Can I use LocalAI as a drop-in replacement for the OpenAI Python SDK?
Yes. Set `base_url='http://your-server:8080/v1'` and `api_key='any-string'` in the OpenAI Python client. All API calls that LocalAI supports — chat completions, embeddings, image generation, and transcription — will route to your local server. Your application code, prompts, and parameters stay unchanged. The only limitation is that LocalAI does not support every OpenAI feature (e.g., Assistants API, file uploads, fine-tuning) — check the LocalAI documentation for the current compatibility list.
How do I add a new model to LocalAI?
The easiest way is using the model gallery API: send a POST to /models/apply with the gallery model ID. LocalAI downloads the GGUF file and creates the YAML configuration automatically. Alternatively, place a GGUF file in the models directory and create a matching YAML file defining the model name, backend (llama-cpp), and parameters. Restart LocalAI after adding models manually. Use `curl http://localhost:8080/v1/models` to verify the model appears in the list.
Does LocalAI support Whisper for speech transcription?
Yes. Download a Whisper model via the gallery API (e.g., whisper-1 maps to the medium model). Then send audio files to /v1/audio/transcriptions using the same format as the OpenAI Whisper API. LocalAI accepts WAV, MP3, and OGG formats. For best accuracy, use 16kHz mono WAV. The medium Whisper model requires about 1.5 GB of RAM/VRAM. The large-v3 model gives near-human accuracy but needs 5+ GB VRAM.
Can LocalAI generate images like DALL-E?
Yes. LocalAI supports Stable Diffusion through its /v1/images/generations endpoint, which mirrors the OpenAI DALL-E API. Add a Stable Diffusion model from the gallery and send POST requests with a text prompt, size, and number of images. Existing code that calls `openai.images.generate()` works without changes. Image generation on CPU is extremely slow (5–30 min per image); a GPU with 6+ GB VRAM produces images in 10–60 seconds depending on steps and resolution.

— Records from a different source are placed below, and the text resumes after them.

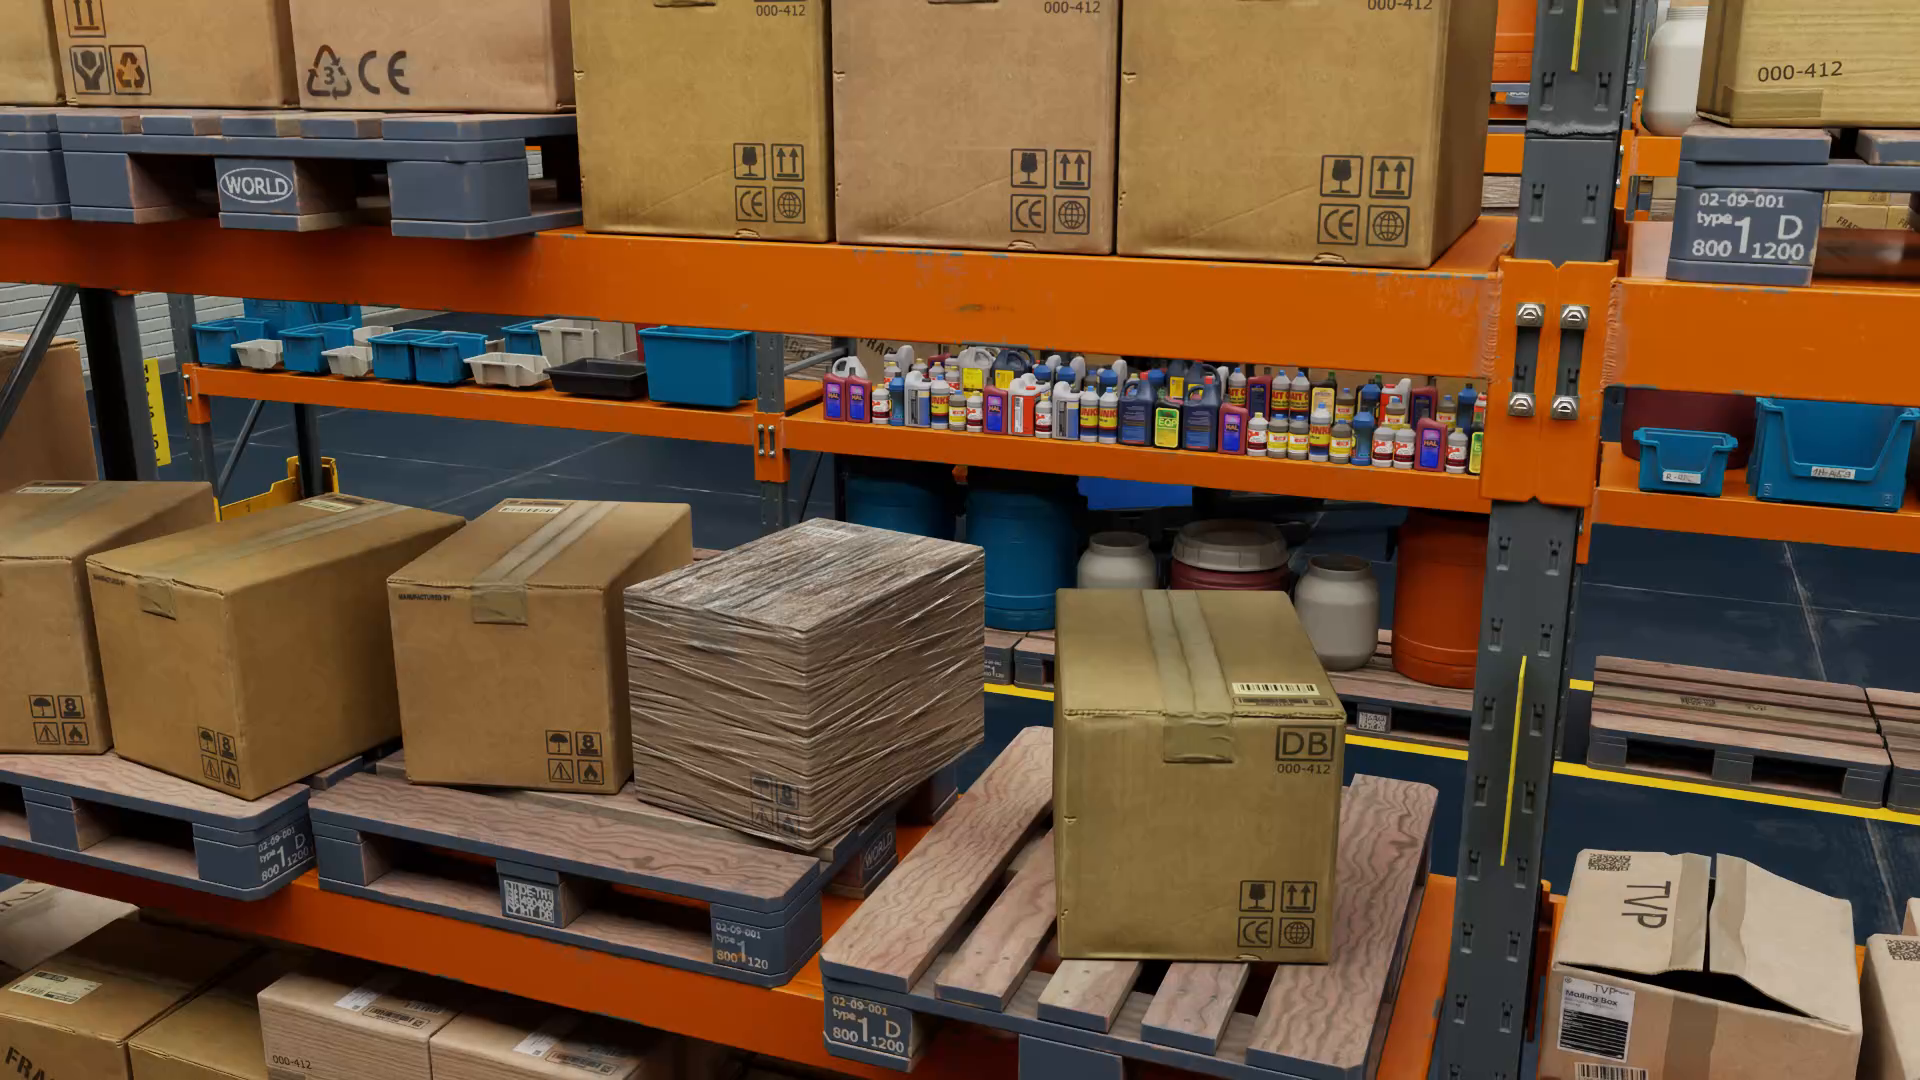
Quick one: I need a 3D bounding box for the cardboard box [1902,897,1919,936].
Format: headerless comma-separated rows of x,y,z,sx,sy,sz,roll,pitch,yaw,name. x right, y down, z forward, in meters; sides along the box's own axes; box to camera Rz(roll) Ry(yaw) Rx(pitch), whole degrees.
2.010,0.869,3.251,0.250,0.149,0.380,6,17,21,cardboard box

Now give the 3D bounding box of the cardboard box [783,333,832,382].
-1.261,-1.703,14.716,0.875,0.875,0.875,6,17,21,cardboard box

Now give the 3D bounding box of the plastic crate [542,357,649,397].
-1.968,-0.907,9.303,0.590,0.125,0.437,6,17,21,plastic crate

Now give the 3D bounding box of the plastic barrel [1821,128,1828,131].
3.577,-2.097,6.738,0.600,0.901,0.600,0,16,0,plastic barrel

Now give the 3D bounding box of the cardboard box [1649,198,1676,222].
6.942,-3.049,16.116,0.500,0.500,0.500,6,17,21,cardboard box

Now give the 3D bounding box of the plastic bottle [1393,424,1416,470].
2.044,-0.432,7.637,0.097,0.201,0.097,0,16,0,plastic bottle

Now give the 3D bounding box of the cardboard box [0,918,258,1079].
-2.289,1.421,4.594,0.500,0.500,0.500,5,17,18,cardboard box

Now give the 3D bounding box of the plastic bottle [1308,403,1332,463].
1.682,-0.505,7.764,0.097,0.271,0.097,0,16,0,plastic bottle

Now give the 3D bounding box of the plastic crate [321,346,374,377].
-3.542,-1.042,9.750,0.298,0.136,0.250,6,17,21,plastic crate

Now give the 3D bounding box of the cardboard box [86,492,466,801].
-1.628,0.230,4.070,0.500,0.500,0.700,9,19,29,cardboard box

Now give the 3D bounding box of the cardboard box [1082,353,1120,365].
1.592,-1.371,13.574,0.875,0.875,1.225,6,17,21,cardboard box

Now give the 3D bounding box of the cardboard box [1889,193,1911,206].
8.932,-3.389,15.495,0.500,0.500,0.700,6,17,21,cardboard box

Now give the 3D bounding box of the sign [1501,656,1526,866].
0.881,0.352,2.647,0.005,0.325,0.100,6,17,21,sign

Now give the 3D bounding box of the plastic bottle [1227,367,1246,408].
1.436,-0.760,8.641,0.097,0.271,0.097,0,16,0,plastic bottle

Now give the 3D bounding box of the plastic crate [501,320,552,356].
-2.545,-1.179,10.049,0.300,0.233,0.416,6,17,21,plastic crate

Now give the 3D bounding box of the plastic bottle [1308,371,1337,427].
1.856,-0.725,8.499,0.133,0.283,0.061,6,17,21,plastic bottle

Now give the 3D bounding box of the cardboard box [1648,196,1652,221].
7.141,-3.188,16.597,0.500,0.500,0.500,6,17,21,cardboard box

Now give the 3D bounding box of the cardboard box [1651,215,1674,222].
5.227,-2.046,11.907,0.500,0.500,0.500,4,17,14,cardboard box

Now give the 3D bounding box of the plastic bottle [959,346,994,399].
0.094,-0.895,8.966,0.185,0.351,0.144,6,17,21,plastic bottle

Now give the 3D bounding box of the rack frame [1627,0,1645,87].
2.893,-3.437,6.873,0.127,3.000,1.000,6,17,21,rack frame

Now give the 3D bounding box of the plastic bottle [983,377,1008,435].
0.182,-0.670,8.312,0.133,0.283,0.061,6,17,21,plastic bottle

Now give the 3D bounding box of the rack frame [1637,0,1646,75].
4.710,-4.722,11.298,0.127,3.000,1.000,6,17,21,rack frame

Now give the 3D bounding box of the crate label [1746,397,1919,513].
3.718,-0.401,7.113,0.616,0.435,0.502,6,17,21,crate label

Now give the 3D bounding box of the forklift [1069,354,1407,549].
1.868,-1.500,11.082,3.031,2.935,1.130,-3,16,-10,forklift

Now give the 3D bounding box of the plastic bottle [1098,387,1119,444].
0.728,-0.610,8.126,0.097,0.271,0.097,0,16,0,plastic bottle

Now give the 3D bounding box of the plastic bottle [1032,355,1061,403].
0.466,-0.860,8.980,0.135,0.276,0.152,6,17,21,plastic bottle

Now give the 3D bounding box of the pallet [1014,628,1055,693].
1.013,0.588,8.770,1.213,0.211,1.003,6,17,21,pallet

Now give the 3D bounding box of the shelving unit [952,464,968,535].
0.013,-0.575,11.001,0.189,1.200,0.258,6,17,21,shelving unit

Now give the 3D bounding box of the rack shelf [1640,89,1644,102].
8.484,-4.007,15.507,4.000,0.370,1.077,6,17,21,rack shelf

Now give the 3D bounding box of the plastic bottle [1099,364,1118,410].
0.778,-0.786,8.733,0.097,0.271,0.097,0,16,0,plastic bottle

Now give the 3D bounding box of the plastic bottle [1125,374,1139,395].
0.925,-0.782,8.845,0.097,0.201,0.097,0,16,0,plastic bottle

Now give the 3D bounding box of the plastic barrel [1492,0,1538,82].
2.366,-2.464,7.376,0.708,0.830,0.600,6,17,21,plastic barrel

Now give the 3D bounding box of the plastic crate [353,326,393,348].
-3.724,-1.240,10.431,0.243,0.136,0.396,6,17,21,plastic crate

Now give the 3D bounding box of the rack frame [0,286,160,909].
-2.649,0.319,4.695,0.127,3.000,1.000,6,17,21,rack frame

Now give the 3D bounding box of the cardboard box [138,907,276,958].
-2.085,1.284,5.064,0.500,0.500,0.500,6,17,20,cardboard box

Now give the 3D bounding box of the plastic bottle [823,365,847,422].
-0.644,-0.761,8.625,0.133,0.283,0.061,6,17,21,plastic bottle

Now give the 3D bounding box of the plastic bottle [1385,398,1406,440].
2.150,-0.602,8.223,0.097,0.201,0.097,0,16,0,plastic bottle

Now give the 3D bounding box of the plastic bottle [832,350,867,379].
-0.582,-0.818,8.698,0.185,0.351,0.144,6,17,21,plastic bottle

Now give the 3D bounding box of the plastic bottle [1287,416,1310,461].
1.592,-0.482,7.808,0.097,0.201,0.097,0,16,0,plastic bottle

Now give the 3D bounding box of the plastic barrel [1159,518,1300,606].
1.381,0.239,8.542,0.708,0.588,0.600,6,17,21,plastic barrel

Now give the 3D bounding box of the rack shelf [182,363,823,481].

What model format does LocalAI use?
LocalAI primarily uses GGUF format models for LLMs (processed by the llama.cpp backend). GGUF supports quantization levels from Q2 to Q8 — Q4_K_M is the recommended balance of quality and speed. For Whisper, it uses Whisper GGML format models. For Stable Diffusion, it uses safetensors or ckpt model files. All major open-source LLMs available on Hugging Face have GGUF quantized versions provided by community contributors like TheBloke.
How does LocalAI handle multiple concurrent requests?
LocalAI queues requests when a model is busy — concurrent requests are processed sequentially by default for each model. You can configure parallel slots per model in the YAML config to allow limited concurrency at the cost of higher memory usage. For high-concurrency production scenarios, running multiple LocalAI instances behind a load balancer, or switching to vLLM for the LLM workload, is more appropriate. LocalAI is best suited for low-to-medium concurrency use cases.
How do I update LocalAI without losing my models?
Run `docker compose pull && docker compose up -d` in your LocalAI directory. Model files in the models directory volume are not affected by image updates — only the LocalAI binary and dependencies change. After updating, verify that all models still appear in `GET /v1/models` and test a chat completion. Check the LocalAI GitHub releases for breaking changes in model YAML configuration format before major version upgrades, as the config schema occasionally changes.